The more popular pooling layer is the max pooling layer (as in the image above), which takes the maximum value within the kernel as the output value. There is also the average pooling layer though, which calculates the average of all the values in the kernel window.
Pooling layers also makes the model more invariant to changes. Say if certain features were shifted slightly in one direction, depending on the kernel size, the pooling layer may produce the same output. This is useful in classification tasks, where the location of the object does not matter.
In Keras, pooling layers are also available. One such is the MaxPooling2D
.
1
2
3
tf.keras.layers.MaxPooling2D(
pool_size=(2, 2), strides=None, padding="valid", data_format=None, **kwargs
)
There is also another frequently used pooling layer called the global average pooling layer, which calculates the mean of the values across each entire feature map. This is the same as using an average pooling layer with pool_size
equal to the dimensions of the feature map. It is generally useful as an output layer. (In Keras, it is the GlobalAveragePooling2D
layer)
Examples
I’ll just go into a couple of example models I’ve already trained and played with quite a bit.
Simple CNN
The following is a simple CNN trained on the MNIST handwritten numbers dataset.

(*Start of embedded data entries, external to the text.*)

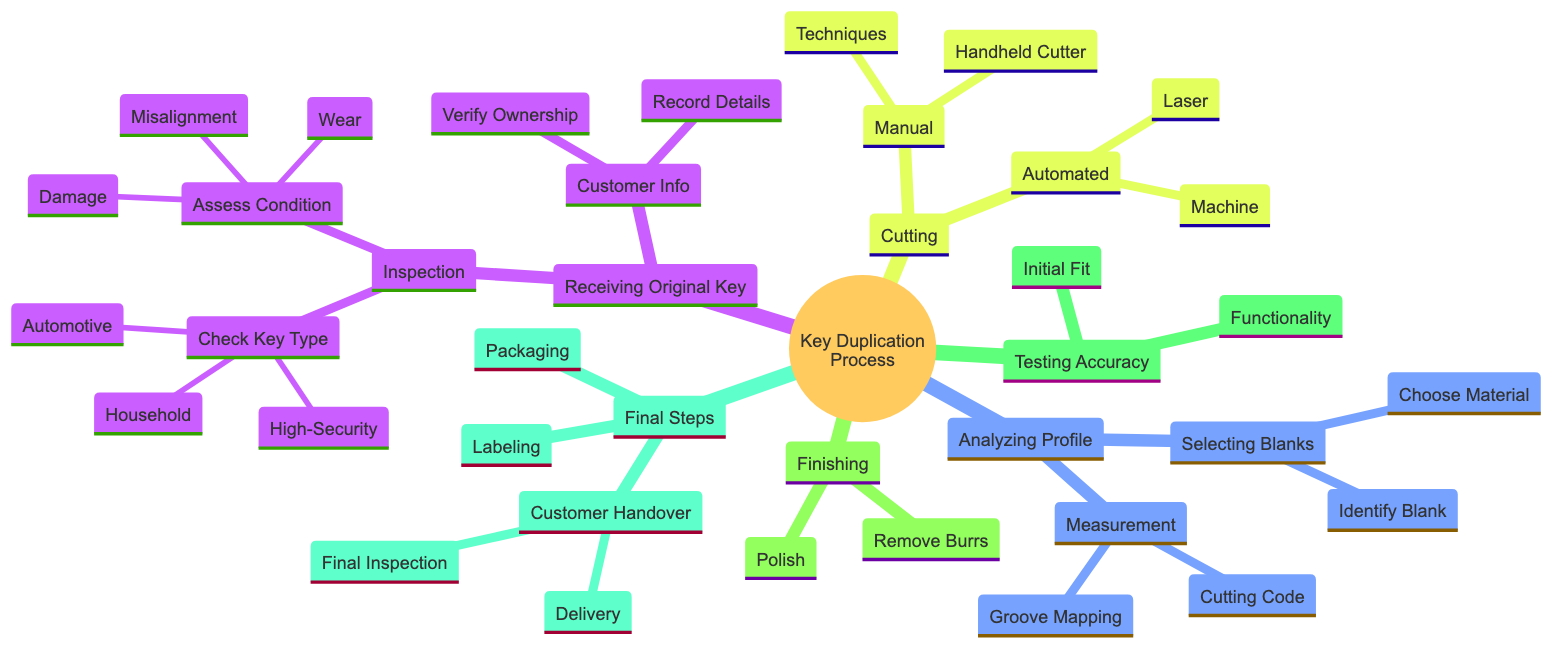What are the key types mentioned in the inspection process? The inspection process under "Receiving the Original Key" includes checking for different key types: Household, Automotive, and High-Security. These are explicitly listed as part of the "Check Key Type" node.
Answer: Household, Automotive, High-Security How many main phases are there in the Key Duplication Process? The diagram lists six main phases: Receiving the Original Key, Analyzing Key Profile, Cutting, Finishing and Polishing, Testing Key Accuracy, and Final Steps, indicating the major steps involved.
Answer: 6 What is the primary purpose of the 'Testing Key Accuracy' stage? The 'Testing Key Accuracy' stage includes two specific tests: Initial Fit and Functionality tests to ensure the duplicated key works properly within the lock. The key purpose is to validate the accuracy of the duplicated key.
Answer: Validate accuracy What materials can be selected from the 'Selecting Material' node? Under 'Selecting Blanks', the 'Selecting Material' node lists Brass, Steel, and Nickel-Silver as the materials from which blanks can be chosen for key duplication.
Answer: Brass, Steel, Nickel-Silver In the 'Cutting' phase, which process can be performed manually? The 'Manual Cutting' sub-phase includes using a Handheld Key Cutter and specific techniques such as Impressioning and Code Cutting, which are methods of cutting the key manually.
Answer: Handheld Key Cutter Which step occurs immediately after 'Finishing and Polishing'? The diagram indicates that the step following 'Finishing and Polishing' is 'Testing Key Accuracy', showing the sequential flow of the key duplication process from one phase to the next.
Answer: Testing Key Accuracy What is required during the 'Customer Information' phase? The 'Customer Information' phase requires two actions: Record Owner Details and Verify Ownership, ensuring that customer data is correctly recorded and ownership of the key is verified.
Answer: Record Owner Details, Verify Ownership How do you perform an Initial Fit Test? The Initial Fit Test involves inserting the duplicated key into the lock and checking for smooth operation. This step is essential to confirm that the key fits properly without any issues.
Answer: Inserting in Lock, Smooth Operation What does the 'Final Steps' phase include regarding customer interaction? During the 'Final Steps' phase, customer interaction is managed through two main actions: Final Inspection to confirm key quality and Delivery of the key, highlighting the importance of customer satisfaction at the end of the process.
Answer: Final Inspection, Delivery

The structure of the CNN can be seen in model.summary()
, although I suppose it may be excessive for a simple dataset as MNIST.

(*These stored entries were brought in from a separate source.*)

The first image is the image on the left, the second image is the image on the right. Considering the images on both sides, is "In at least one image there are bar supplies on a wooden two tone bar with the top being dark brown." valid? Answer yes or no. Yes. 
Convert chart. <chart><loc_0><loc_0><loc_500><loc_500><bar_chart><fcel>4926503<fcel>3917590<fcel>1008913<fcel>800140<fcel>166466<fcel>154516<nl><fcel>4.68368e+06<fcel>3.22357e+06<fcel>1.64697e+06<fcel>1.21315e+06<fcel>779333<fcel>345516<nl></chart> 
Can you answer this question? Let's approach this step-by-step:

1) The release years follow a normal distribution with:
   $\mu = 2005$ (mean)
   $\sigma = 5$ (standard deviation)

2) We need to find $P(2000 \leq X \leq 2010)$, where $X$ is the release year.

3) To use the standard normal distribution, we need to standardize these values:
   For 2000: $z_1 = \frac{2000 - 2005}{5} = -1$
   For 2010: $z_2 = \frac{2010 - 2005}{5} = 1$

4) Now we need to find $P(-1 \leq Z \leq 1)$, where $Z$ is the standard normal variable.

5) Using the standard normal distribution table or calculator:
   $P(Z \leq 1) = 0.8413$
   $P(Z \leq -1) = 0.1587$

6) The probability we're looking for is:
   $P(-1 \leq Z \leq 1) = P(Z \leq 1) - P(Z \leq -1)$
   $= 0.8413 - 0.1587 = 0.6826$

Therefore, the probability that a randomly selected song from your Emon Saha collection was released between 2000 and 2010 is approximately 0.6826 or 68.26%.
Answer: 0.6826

I will say, however, that this CNN model performs significantly better than I could get from a dense neural network (~85% accuracy).
The first convolutional layer creates 32 feature maps using a 7x7 kernel. Then, I double the feature maps every two layers after that, from 64 up to 256, each with a 3x3 kernel.

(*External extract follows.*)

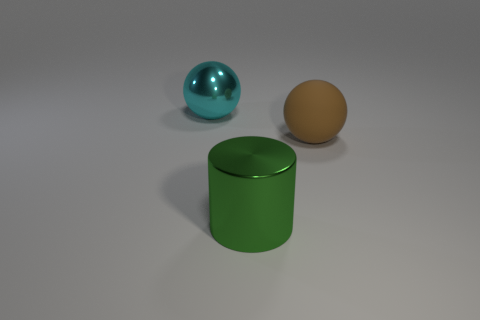Add 3 brown metal things. How many objects exist? 6 Subtract all balls. How many objects are left? 1 Subtract all cyan balls. Subtract all green cylinders. How many balls are left? 1 Subtract all brown spheres. Subtract all spheres. How many objects are left? 0 Add 1 rubber things. How many rubber things are left? 2 Add 2 large brown balls. How many large brown balls exist? 3 Subtract 1 green cylinders. How many objects are left? 2 
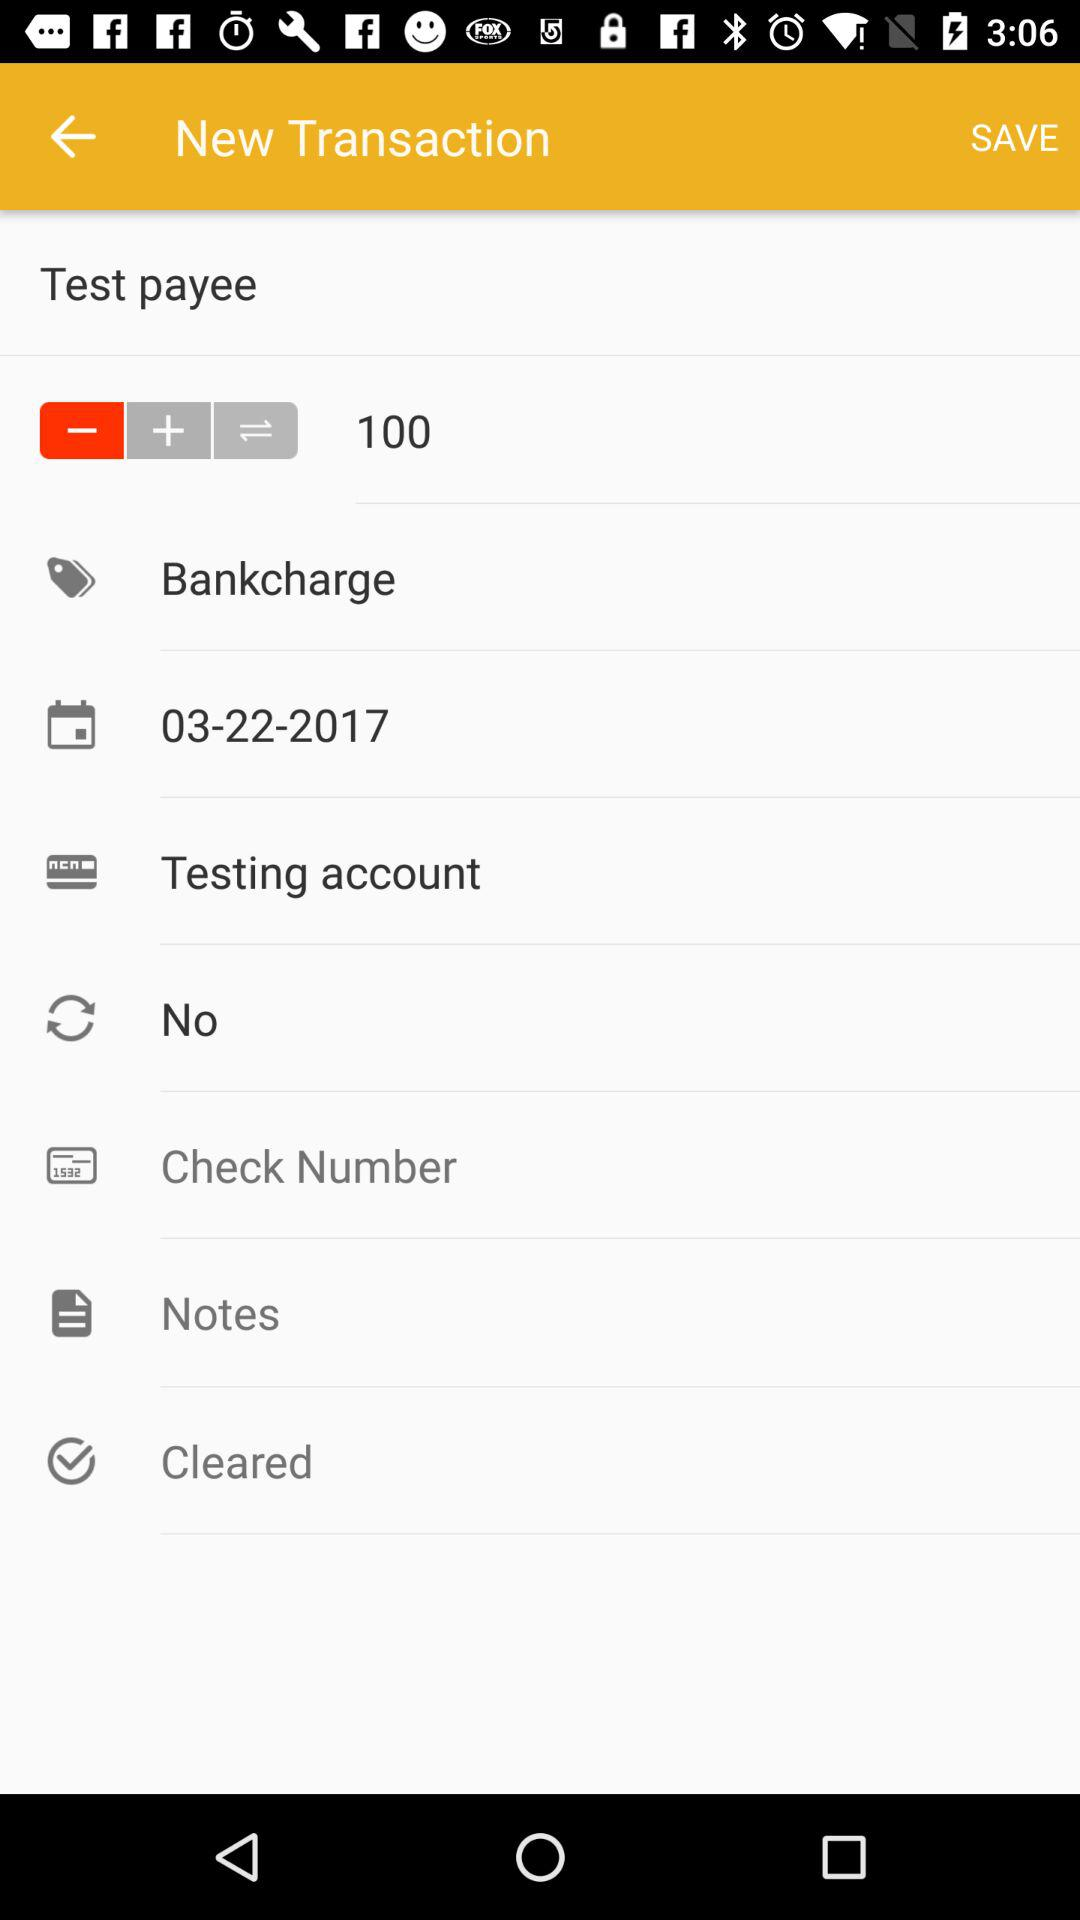What is the date of the transaction?
Answer the question using a single word or phrase. 03-22-2017

Every layer is regularized with BatchNormalization
and uses ReLU activation. The feature maps can be doubled as I reduce the dimensions by half with a max pooling layer.
Finally, as with typical simple CNNs the image goes through a couple of dense layers before being output using the softmax activation.
This simple CNN is likely most similar to AlexNet, which is a rather old model.
Transfer learning
For more complex models though, you can take a pretrained model without its final dense layers (i.e. only the convolutional layers), add your own dense layers and train it on your own data.
In the example, I used the Xception model available on Keras and trained it on the tf_flowers
dataset.
It is important to note that, for importing the model without the top dense layer, include_top=False
. The pretrained models from Keras were trained on the ImageNet dataset (more info available here).
Also note, I used the Keras ImageDataGenerator
class to create batches of training data, although it was largely moot here because the dataset isn’t that large (it was only to try it out). The Keras fit
function now takes generators as well, since the original fit_generator
function is deprecated as of TF 2.1.0+ (or something like that)
The Xception model uses several different techniques to improve performance, including residual blocks and, instead of inception modules from GoogleNet, depthwise separable convolution layer (which models spatial patterns and cross-channel patterns separately). I might go into a short post about the residual blocks (and ResNet, where they are from), especially since it’s not too complicated to understand and implement.
From here, there’s also the topic of semantic segmentation and object detection, of which I will look into some models more. The book I referenced and mentioned in at the very top doesn’t go into too much detail on this, so I’ll try looking into models like YOLOv3 and Fast-RCNN, both of which do object detection quite well.